KC region SCCA kicked off their season with a Test & Tune and their first event over the weekend. After dipping the Exocet’s toes into those waters a few times last year I was eager to start regularly putting it to use. However, I had a few things to take care of first...

I traveled once again to my favorite indie shop for some corner balancing and alignment work. The original owner’s setup choices along with my entirely-too-conservative baseline alignment just weren’t cutting it when I had tested the Exocet previously. It was prone to plowing into understeer shortly after turn-in and more susceptible to power oversteer than any car dispensing 130 HP through an LSD and 200TW 245s should ever be, regardless of weight.

First up was getting the ride height set correctly. It was simply too low, causing the lower control arms to dip inward, well below parallel. By most accounts, this is a bad thing when it comes to things like camber curves and roll centers. Additionally, the existing setup had some rake dialed in when it should instead be having a little *reverse* rake. This later point is to help account for the Exocet having slightly different suspension mounting heights and a more front-biased weight distribution.

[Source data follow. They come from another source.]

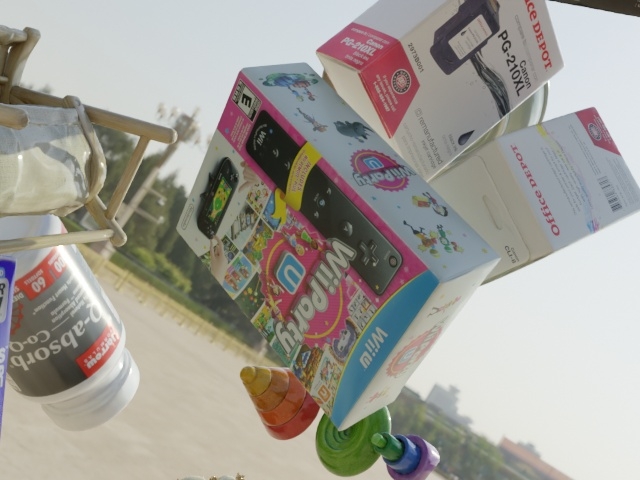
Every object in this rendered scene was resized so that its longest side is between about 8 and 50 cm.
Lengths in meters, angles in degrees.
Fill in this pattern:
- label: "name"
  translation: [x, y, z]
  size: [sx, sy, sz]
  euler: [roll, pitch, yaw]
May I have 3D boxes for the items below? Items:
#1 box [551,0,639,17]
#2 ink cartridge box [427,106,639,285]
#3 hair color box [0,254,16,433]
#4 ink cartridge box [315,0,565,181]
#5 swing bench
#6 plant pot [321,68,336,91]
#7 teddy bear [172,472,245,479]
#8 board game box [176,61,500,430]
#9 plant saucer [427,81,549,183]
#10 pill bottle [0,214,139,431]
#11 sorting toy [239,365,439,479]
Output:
- label: "box"
  translation: [0.201, -0.304, 0.672]
  size: [0.247, 0.142, 0.163]
  euler: [14, -37, 9]
- label: "ink cartridge box"
  translation: [0.227, -0.046, 0.859]
  size: [0.127, 0.176, 0.128]
  euler: [-35, -103, 53]
- label: "hair color box"
  translation: [-0.355, 0.171, 0.620]
  size: [0.185, 0.338, 0.110]
  euler: [5, 0, 16]
- label: "ink cartridge box"
  translation: [0.140, -0.204, 0.899]
  size: [0.100, 0.237, 0.172]
  euler: [40, -14, 50]
- label: "swing bench"
  translation: [-0.337, -0.116, 0.836]
  size: [0.255, 0.165, 0.253]
  euler: [35, 17, 17]
- label: "plant pot"
  translation: [0.116, -0.265, 1.220]
  size: [0.236, 0.236, 0.032]
  euler: [26, -20, 39]
- label: "teddy bear"
  translation: [-0.222, 0.494, 1.211]
  size: [0.245, 0.338, 0.113]
  euler: [-22, -62, 28]
- label: "board game box"
  translation: [0.000, 0.000, 0.818]
  size: [0.098, 0.224, 0.303]
  euler: [-17, 55, -44]
- label: "plant saucer"
  translation: [0.240, -0.250, 1.527]
  size: [0.400, 0.400, 0.100]
  euler: [37, 25, -21]
- label: "pill bottle"
  translation: [-0.451, 0.136, 1.331]
  size: [0.210, 0.210, 0.362]
  euler: [25, -34, 44]
- label: "sorting toy"
  translation: [-0.001, 0.248, 1.150]
  size: [0.366, 0.127, 0.126]
  euler: [13, -22, 50]
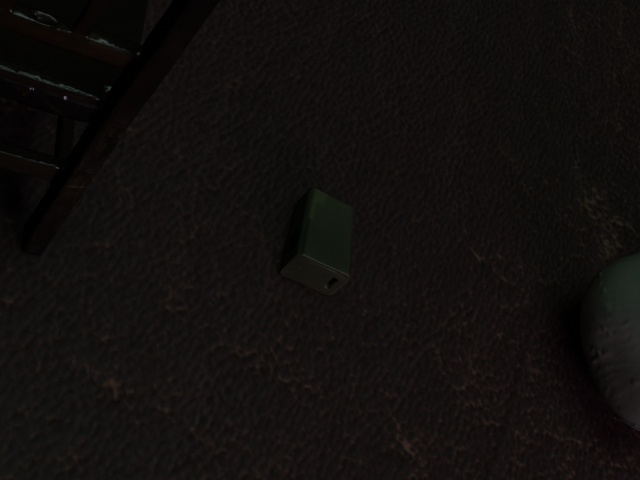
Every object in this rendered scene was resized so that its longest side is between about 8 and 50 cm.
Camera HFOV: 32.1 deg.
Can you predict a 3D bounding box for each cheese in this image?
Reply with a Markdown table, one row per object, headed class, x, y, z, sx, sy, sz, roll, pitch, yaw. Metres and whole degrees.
| class | x | y | z | sx | sy | sz | roll | pitch | yaw |
| --- | --- | --- | --- | --- | --- | --- | --- | --- | --- |
| cheese | 0.370 | 0.104 | 1.216 | 0.198 | 0.154 | 0.189 | -26 | 98 | -45 |

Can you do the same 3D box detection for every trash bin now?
| class | x | y | z | sx | sy | sz | roll | pitch | yaw |
| --- | --- | --- | --- | --- | --- | --- | --- | --- | --- |
| trash bin | 0.000 | 0.000 | 1.110 | 0.061 | 0.043 | 0.092 | 25 | 47 | -19 |

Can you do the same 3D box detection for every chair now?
| class | x | y | z | sx | sy | sz | roll | pitch | yaw |
| --- | --- | --- | --- | --- | --- | --- | --- | --- | --- |
| chair | -0.220 | -0.199 | 0.829 | 0.203 | 0.416 | 0.240 | 17 | 54 | -26 |
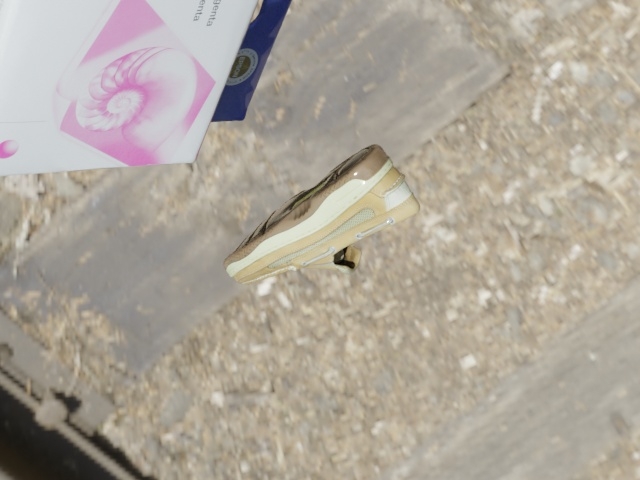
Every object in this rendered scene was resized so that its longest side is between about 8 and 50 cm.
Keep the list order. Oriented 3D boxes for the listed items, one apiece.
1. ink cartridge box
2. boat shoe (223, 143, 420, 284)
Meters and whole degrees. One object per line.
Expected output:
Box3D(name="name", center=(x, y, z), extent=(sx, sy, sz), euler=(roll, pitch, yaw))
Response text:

Speaking of weight, the corner balancing was my first chance to get real numbers for my car rather than using other builds to guess. The result? 1675 lbs with a full tank of gas and no driver. No surprises here, but good to know all the same. With me in the driver’s seat, front/rear weight balance sits around 54/46 and cross weights (FL+RR vs. FR+RL) were able to reach 51/49. Those numbers were... um... a whole lot less good than that to begin with.

Alignment-wise, the handling behavior and tire wear I was seeing during my previous tests indicated that more camber was needed. Unfortunately the increased ride heights meant that I could only get some at the rear (-1.5 to -2) and was stuck with what I had previously up front (-1.5). I already have some extended ball joints on the way to get that fixed.

The fruits of those labors quickly became apparent at the Test & Tune. The Exocet was much more well-behaved overall, but the rear was still a bit twitchy. I had a growing suspicion that the large aftermarket rear sway bar was overkill for this chassis and a significant contributor towards those oversteer woes, so I simply disconnected it near the end of the day and things immediately got better. Accelerating out of turns was was no longer an ordeal, so my confidence and consistency skyrocketed.


Now on to the event. Pardon the wind noise, as I forgot to stuff my makeshift windsock into the camera case.

Compared to the Test & Tune, the only noteworthy difference in course layout was the slalom losing its last cone and changing its entrance side, thus shortening the overall time by about 0.5 to 1 second. Even with cold tires, I was able to pick up exactly where I left off at the T&T on my first run and then proceeded to shave off a few more tenths throughout the day.


I feel like I’m still missing some cornering bite from the lack of front camber and I’m not entirely comfortable with the non-ABS brakes yet (in case you were wondering what that puff of smoke was at 0:15), but I’m really happy with the progress so far. There’s no way in hell I’ll get this thing optimized for meaningful PAX standings anytime soon (see: street tires, too much weight, not enough engine, no aero), but in terms of raw time, unofficial results show me somewhere around 9th out of 110+ drivers. Good enough for now, I think.